There’s a story that Jesus tells about a Pharisee and a Tax Collector going up to the temple to pray together, each with a completely different attitude in approaching God. I wonder what would happen if we took some liberties and adapted this story to contrast two mothers who come to God in prayer.

The first mom stands proudly and speaks loudly so that perhaps someone else may hear “Thank you Lord that I’m not like all those other mothers out there. I’m not a shopaholic, a wine lover, or a gossip. I go to church every Sunday, teach my kids Bible verses and I limit their screen time. They’re well behaved and getting the recognition they deserve at school.”

The second mom falls to her knees, clasps her hands to her chest and cries out “Lord, I’m struggling! I don’t know how to do this. I’m in desperate need of your wisdom and mercy. Help me!”

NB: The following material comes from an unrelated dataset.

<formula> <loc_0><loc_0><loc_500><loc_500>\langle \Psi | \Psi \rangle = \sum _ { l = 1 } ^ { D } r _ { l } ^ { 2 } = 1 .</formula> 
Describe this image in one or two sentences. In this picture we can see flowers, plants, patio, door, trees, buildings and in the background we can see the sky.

Can you guess which heart is hard and which heart is soft? And which prayer pleases our heavenly Father?

Today, whether we are adoptive, biological or even spiritual mothers I don’t believe we will find true success in performance and worldly results. Rather, with our hearts soft and surrendered, we just need to ask for help. God will not disappoint us!

 

MotherBlog

 

To some who were confident of their own righteousness and looked down on everyone else, Jesus told this parable:  “Two men went up to the temple to pray, one a Pharisee and the other a tax collector. The Pharisee stood by himself and prayed: ‘God, I thank you that I am not like other people—robbers, evildoers, adulterers—or even like this tax collector.  I fast twice a week and give a tenth of all I get.’

 “But the tax collector stood at a distance. He would not even look up to heaven, but beat his breast and said, ‘God, have mercy on me, a sinner.’

 “I tell you that this man, rather than the other, went home justified before God. For all those who exalt themselves will be humbled, and those who humble themselves will be exalted.”